Problem details: Could each entry below be written out exactly, with every picture dropped?

Records contained in a dataset
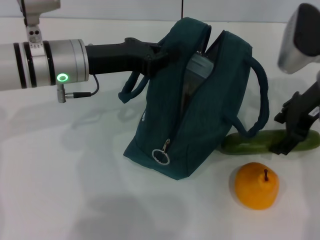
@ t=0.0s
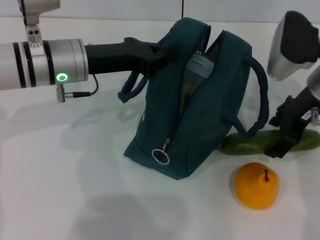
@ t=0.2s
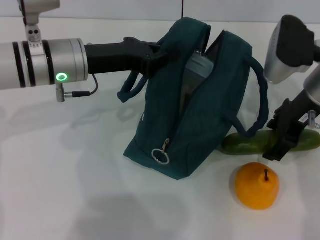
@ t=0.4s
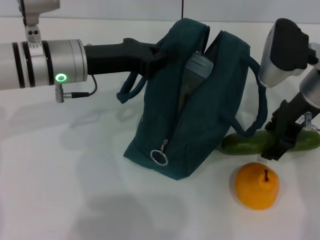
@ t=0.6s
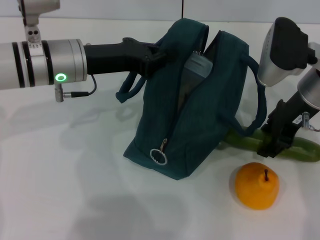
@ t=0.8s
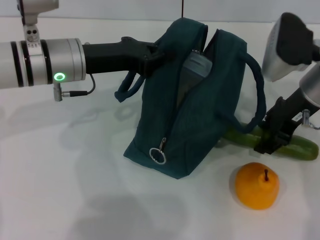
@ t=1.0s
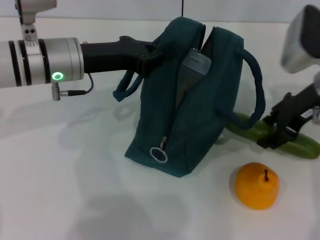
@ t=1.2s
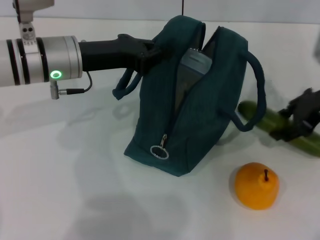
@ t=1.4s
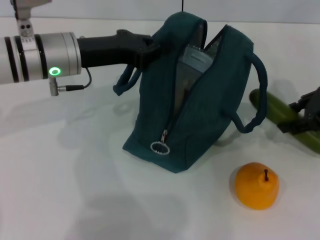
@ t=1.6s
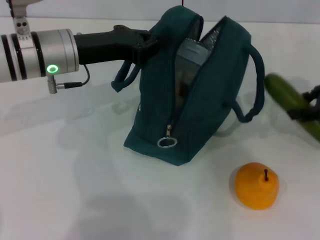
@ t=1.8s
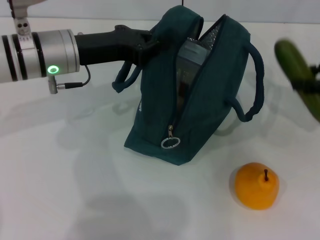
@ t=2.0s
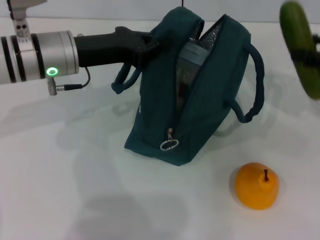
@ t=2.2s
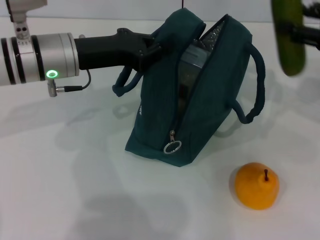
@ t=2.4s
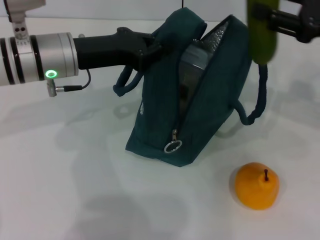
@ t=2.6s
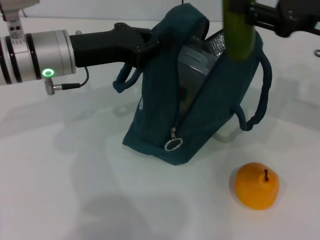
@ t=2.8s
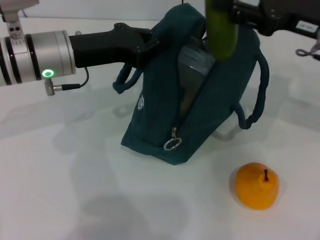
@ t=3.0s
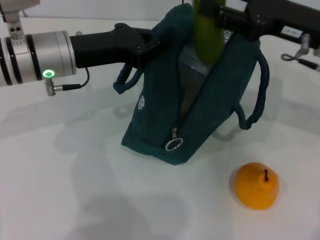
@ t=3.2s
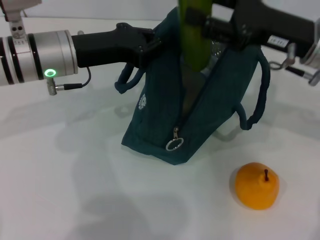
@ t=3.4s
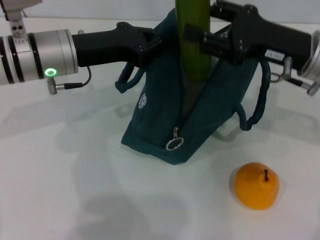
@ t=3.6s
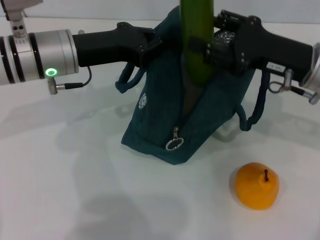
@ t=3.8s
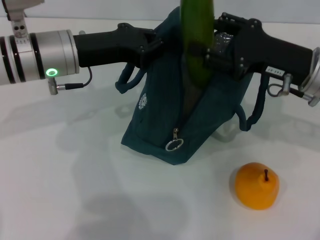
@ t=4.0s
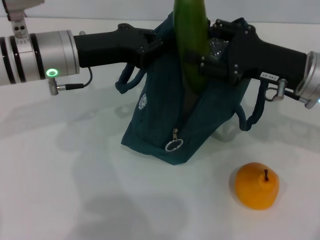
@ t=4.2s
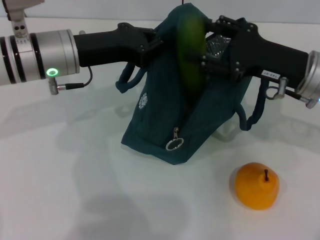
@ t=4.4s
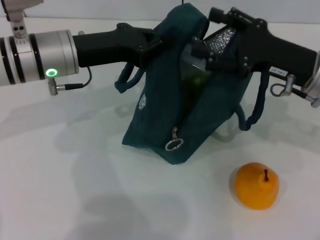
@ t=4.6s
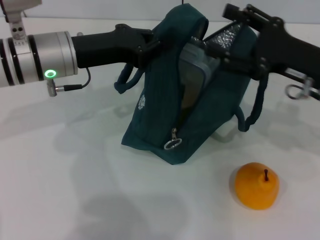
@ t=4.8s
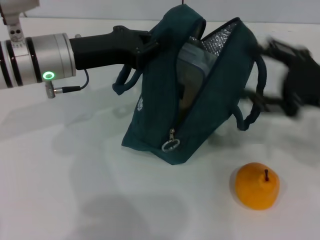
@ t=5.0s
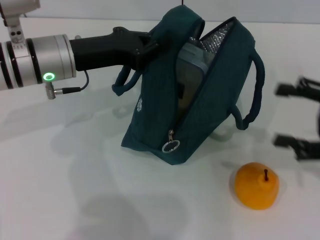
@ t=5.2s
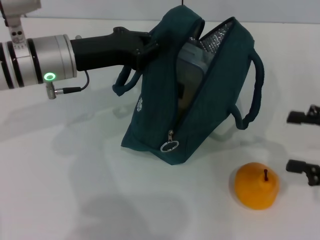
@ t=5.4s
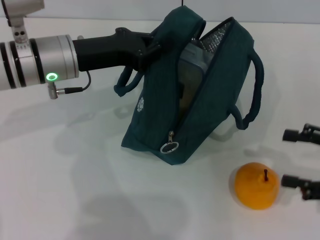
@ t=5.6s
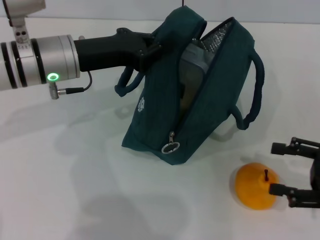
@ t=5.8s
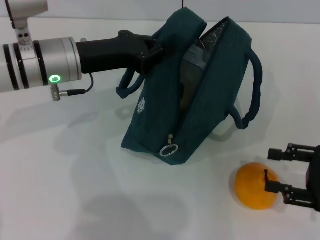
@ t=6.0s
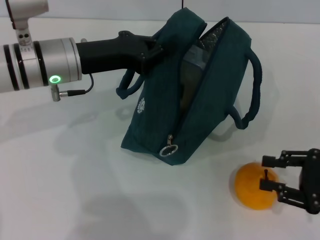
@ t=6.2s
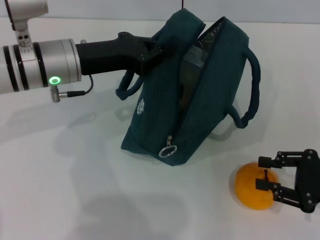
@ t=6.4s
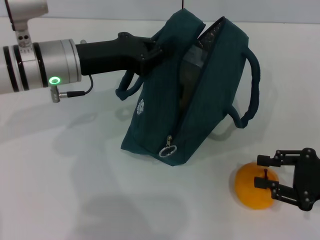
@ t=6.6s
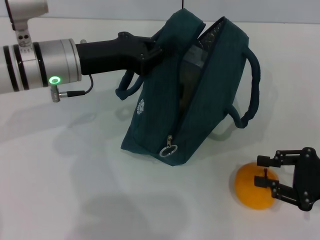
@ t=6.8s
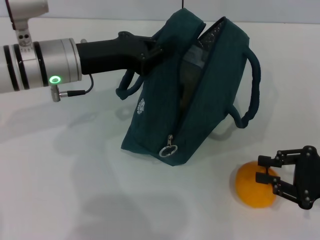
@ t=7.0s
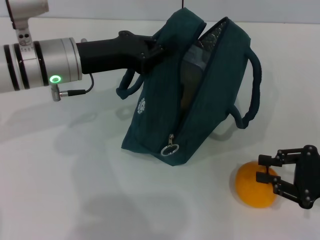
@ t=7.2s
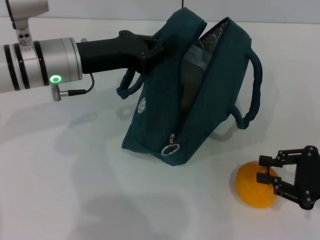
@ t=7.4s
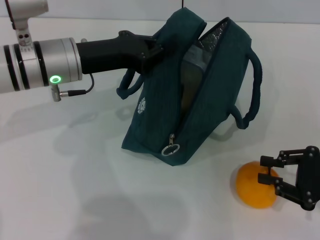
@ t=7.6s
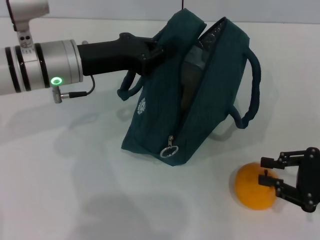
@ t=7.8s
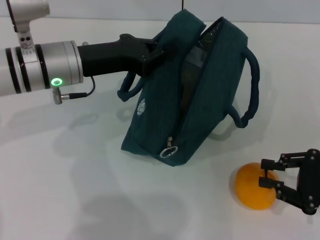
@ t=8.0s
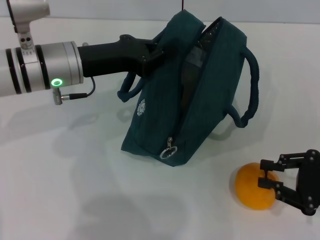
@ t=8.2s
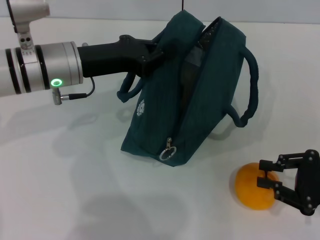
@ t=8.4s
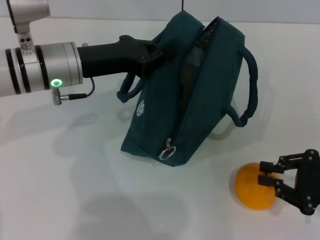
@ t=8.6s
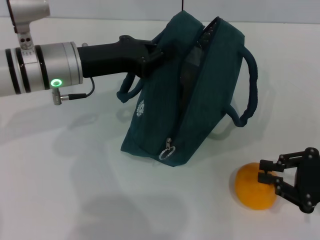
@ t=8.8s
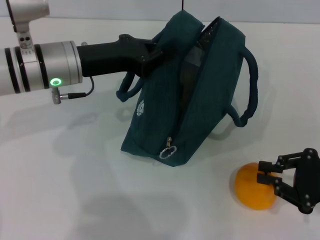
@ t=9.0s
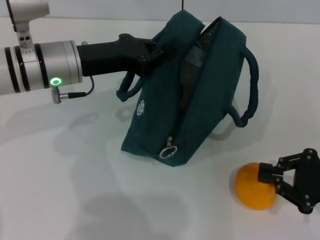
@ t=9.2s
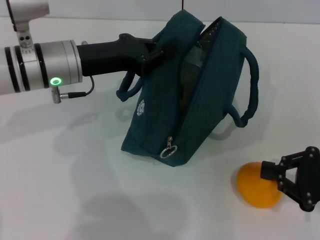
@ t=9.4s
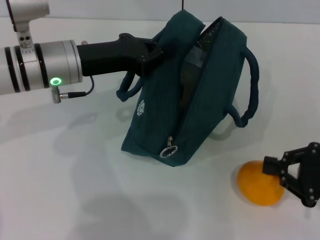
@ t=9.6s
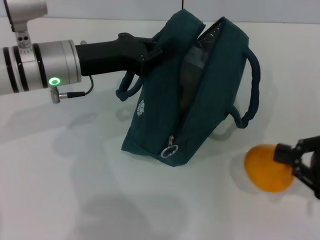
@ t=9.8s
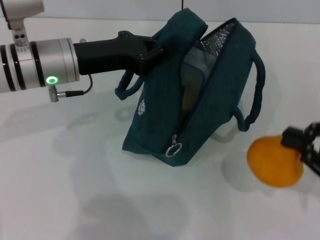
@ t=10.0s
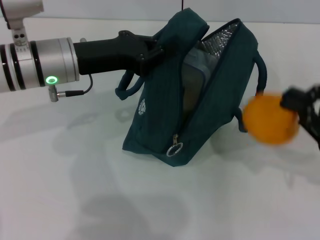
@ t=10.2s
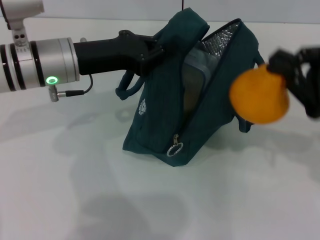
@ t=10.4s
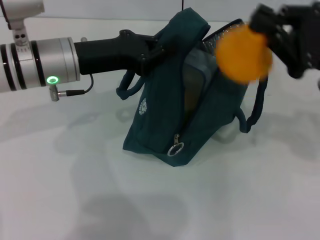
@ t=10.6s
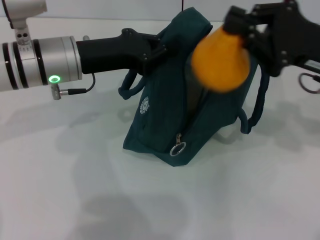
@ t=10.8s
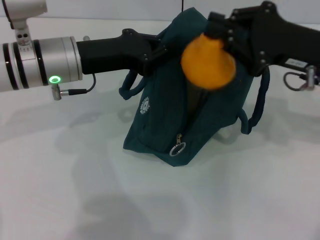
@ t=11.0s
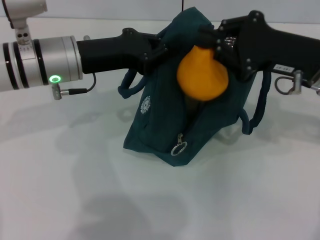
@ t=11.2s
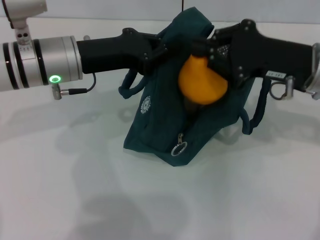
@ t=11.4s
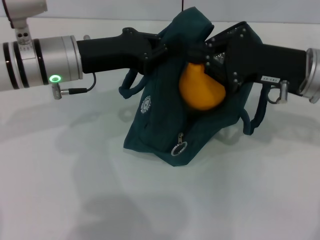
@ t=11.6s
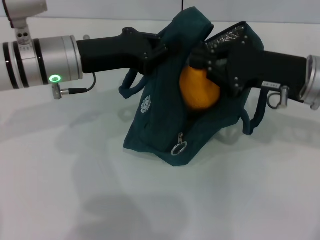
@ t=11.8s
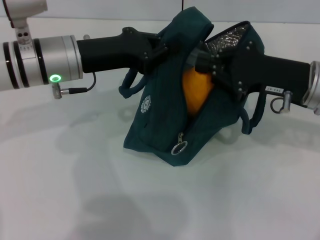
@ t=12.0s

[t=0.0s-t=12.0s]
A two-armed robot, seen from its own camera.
Step, t=1.0s to t=4.4s: Put the cucumber into the lunch bag with your right hand.
Step, t=4.8s to t=9.4s: Grab the pear with your right hand.
t=0.0s to t=1.6s: The right gripper travels to the right by about 5 cm.
t=1.6s to t=3.0s: The right gripper ends up roughly 5 cm from where it was.
t=3.0s to t=4.4s: The right gripper moves downward, about 5 cm.
t=4.4s to t=6.0s: The right gripper travels to the right, backward and downward by some 15 cm.
t=6.0s to t=7.6s: The right gripper closes up.
t=7.6s to t=9.0s: The two grippers keep their place.
t=9.0s to t=10.4s: The right gripper moves upward, roughly 10 cm.
t=10.4s to t=12.0s: The right gripper is displaced to the left and forward by about 10 cm.

Worked solution:
@ t=0.0s
@ t=0.2s
@ t=0.4s
@ t=0.6s
@ t=0.8s
@ t=1.0s
@ t=1.2s
@ t=1.4s
@ t=1.6s
@ t=1.8s
@ t=2.0s
@ t=2.2s
@ t=2.4s
@ t=2.6s
@ t=2.8s
@ t=3.0s
@ t=3.2s
@ t=3.4s
@ t=3.6s
@ t=3.8s
@ t=4.0s
@ t=4.2s
@ t=4.4s
@ t=4.6s
@ t=4.8s
@ t=5.0s
@ t=5.2s
@ t=5.4s
@ t=5.6s
@ t=5.8s
@ t=6.0s
@ t=6.2s
@ t=6.4s
@ t=6.6s
@ t=6.8s
@ t=7.0s
@ t=7.2s
@ t=7.4s
@ t=7.6s
@ t=7.8s
@ t=8.0s
@ t=8.2s
@ t=8.4s
@ t=8.6s
@ t=8.8s
@ t=9.0s
@ t=9.2s
@ t=9.4s
@ t=9.6s
@ t=9.8s
@ t=10.0s
@ t=10.2s
@ t=10.4s
@ t=10.6s
@ t=10.8s
@ t=11.0s
@ t=11.2s
@ t=11.4s
@ t=11.6s
@ t=11.8s
@ t=12.0s

[t=0.0s-t=12.0s]
A two-armed robot, seen from its own camera.
Step, t=1.0s to t=4.4s: Put the cucumber into the lunch bag with your right hand.
Step, t=4.8s to t=9.4s: Grab the pear with your right hand.
t=0.0s to t=1.6s: The right gripper travels to the right by about 5 cm.
t=1.6s to t=3.0s: The right gripper ends up roughly 5 cm from where it was.
t=3.0s to t=4.4s: The right gripper moves downward, about 5 cm.
t=4.4s to t=6.0s: The right gripper travels to the right, backward and downward by some 15 cm.
t=6.0s to t=7.6s: The right gripper closes up.
t=7.6s to t=9.0s: The two grippers keep their place.
t=9.0s to t=10.4s: The right gripper moves upward, roughly 10 cm.
t=10.4s to t=12.0s: The right gripper is displaced to the left and forward by about 10 cm.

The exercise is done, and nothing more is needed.